To deploy a Python web app with various mathematical, scientific, text-processing packages to a cloud hosting platform-as-a-service.
My required 3rd-party Python packages/modules:
- Numpy (fundamental package for scientific computing with numbers)
- Scipy (scientific computing tools)
- Pandas (high-performance, easy-to-use data structures for data pre-processing and analytics)
- Scikit-learn (machine learning, data mining, data analysis)
- Textblob (simplified text-processing version of nltk)
What I tried and failed
I spent a few hours attempting to create a boilerplate web application with the required packages to be deployed on Google App Engine. Creating a restful API for GAE was easy (heres mine on Github using Flask). However, adding the scientific packages I needed was Hell.
In summary, GAE does NOT support a lot of C-based modules. So, say goodbye to a handful of Python scientific packages which depend on compiling various C-based libraries.
While GAE does provide numpy, if you want pandas at some imaginary point in the future, you'll have to vote on their thread.
Next up, PiCloud. Oh, they joined Dropbox and no longer allow sign-ups.
No, I do not want to bother with AWS. No, I do not want to merely run analytics up in the cloud with wakari or pythonanywhere.

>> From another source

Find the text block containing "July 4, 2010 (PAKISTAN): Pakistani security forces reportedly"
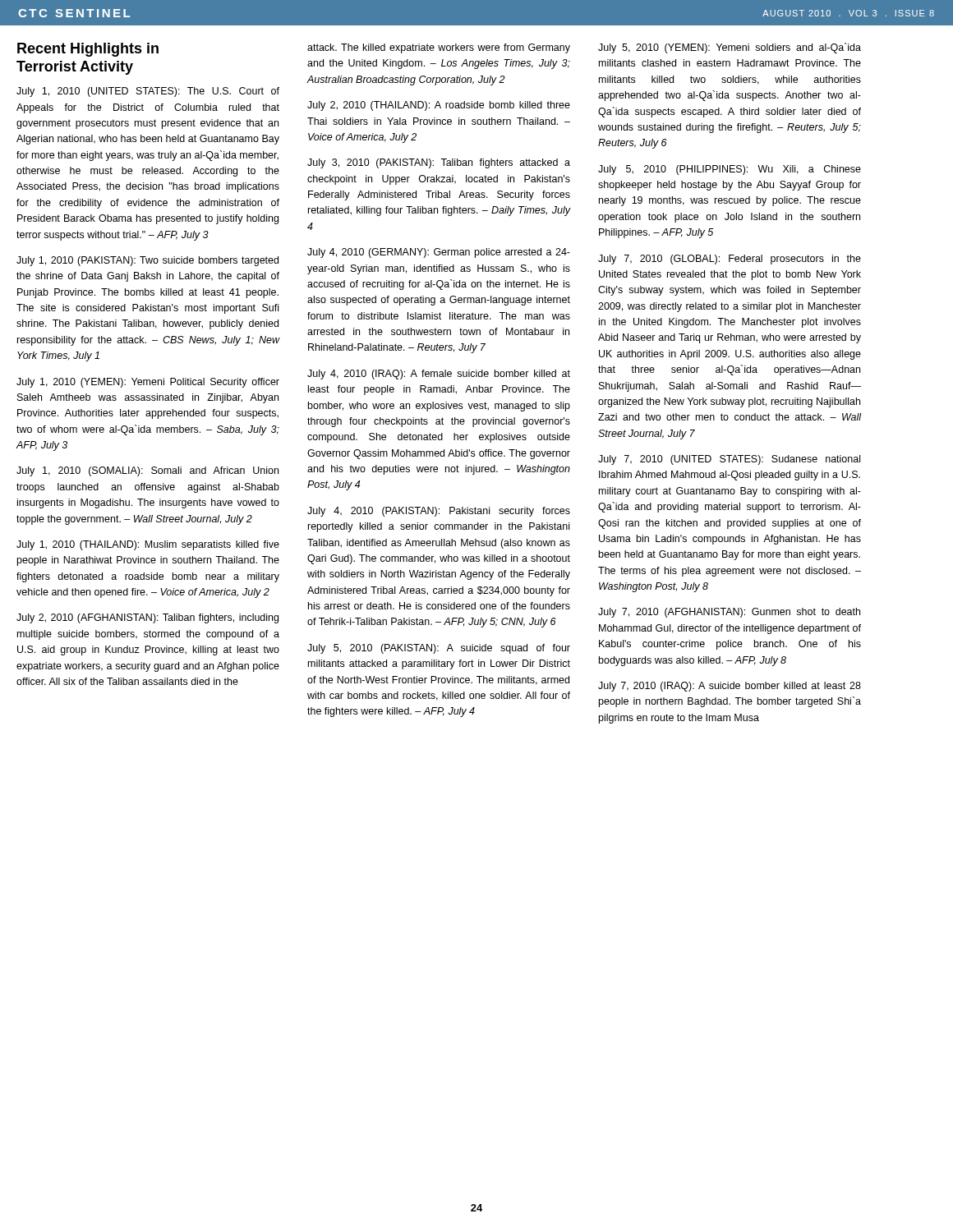953x1232 pixels. point(439,566)

Deploy scientific Python with Heroku buildpack
Building numpy, scipy, pandas, etc over and over again with each deployment gets old VERY quick.

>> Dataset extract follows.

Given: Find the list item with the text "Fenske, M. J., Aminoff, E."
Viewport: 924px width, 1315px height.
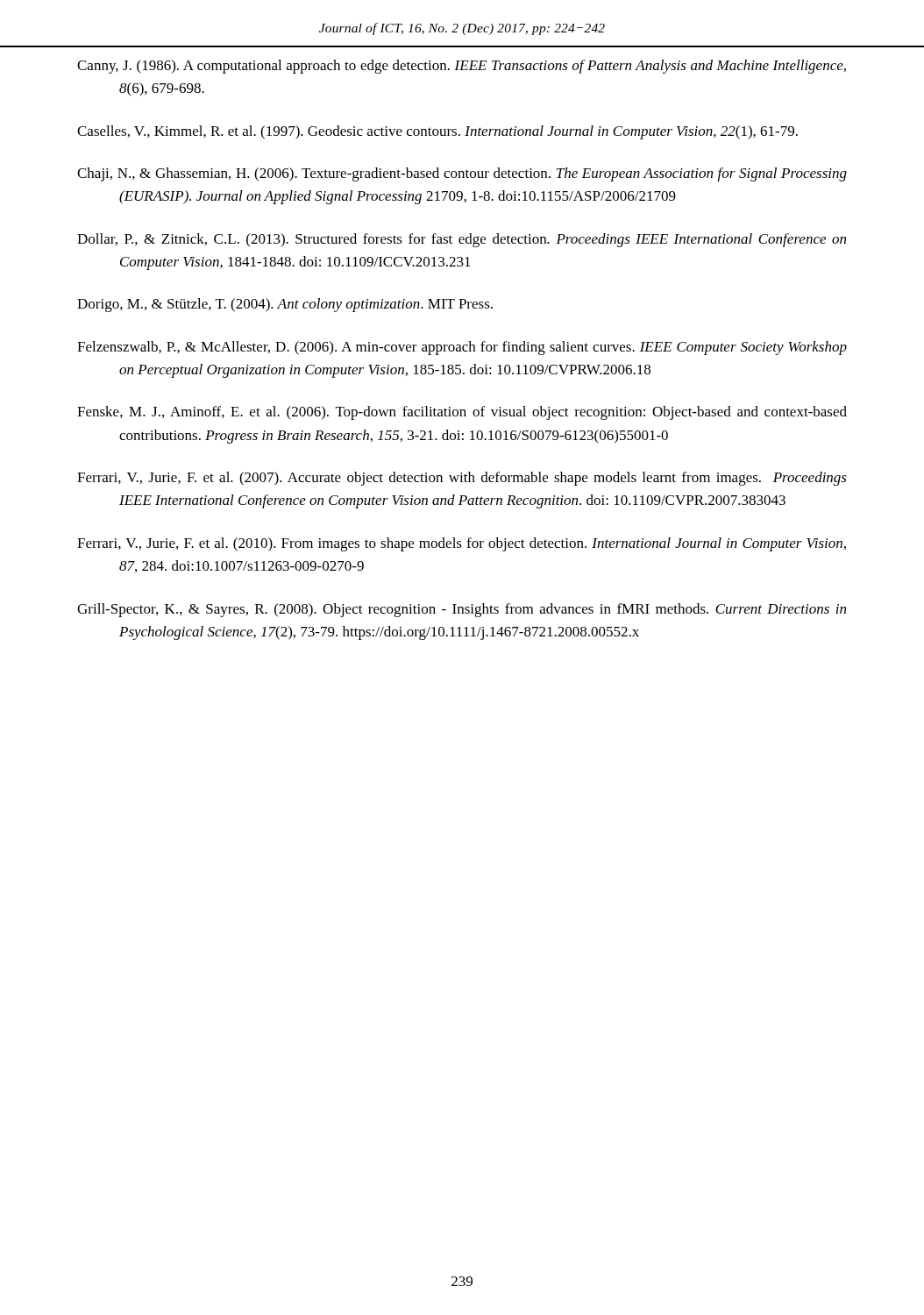Looking at the screenshot, I should (462, 424).

Solution: Use a buildpack to prepare your dyno before your app executes. The custom buildpacks listed below uses the binary distributions of the required packages so this means not having to build numpy with each push to Heroku (joy!).
- Heroku's python buildpack - for simple python web apps
- Above buildpack + base scientific packages - for python web apps with numpy, scipy and/or scikit-learn (only Python 2.7.4)
- Above buildpack + textblob with core nltk corpora - this is my fork of the above buildpack with a script to download and cache core nltk corpora for textblob.
How to deploy with a Heroku buildpack
1) Create a simple Python web app that imports some scientific packages. As an example, Im using my bottle-skeleton app
2) Clone the repo and add to git:
$ git clone firstname.lastname@example.org:alyssaq/bottle-heroku-skeleton.git $ git init $ git add . $ git commit -m "init"
3) Add any additional dependencies in
requirements.txt (the skeleton app already includes numpy, textblob and pandas)
4) Login to heroku, set the custom buildpack and deploy!
$ heroku login $ heroku config:set BUILDPACK_URL=https://github.com/alyssaq/heroku-buildpack-python-sklearn $ git push heroku master
5) Open your browser and ensure that the home page loads with the
Hi text. If it does, its all good to go.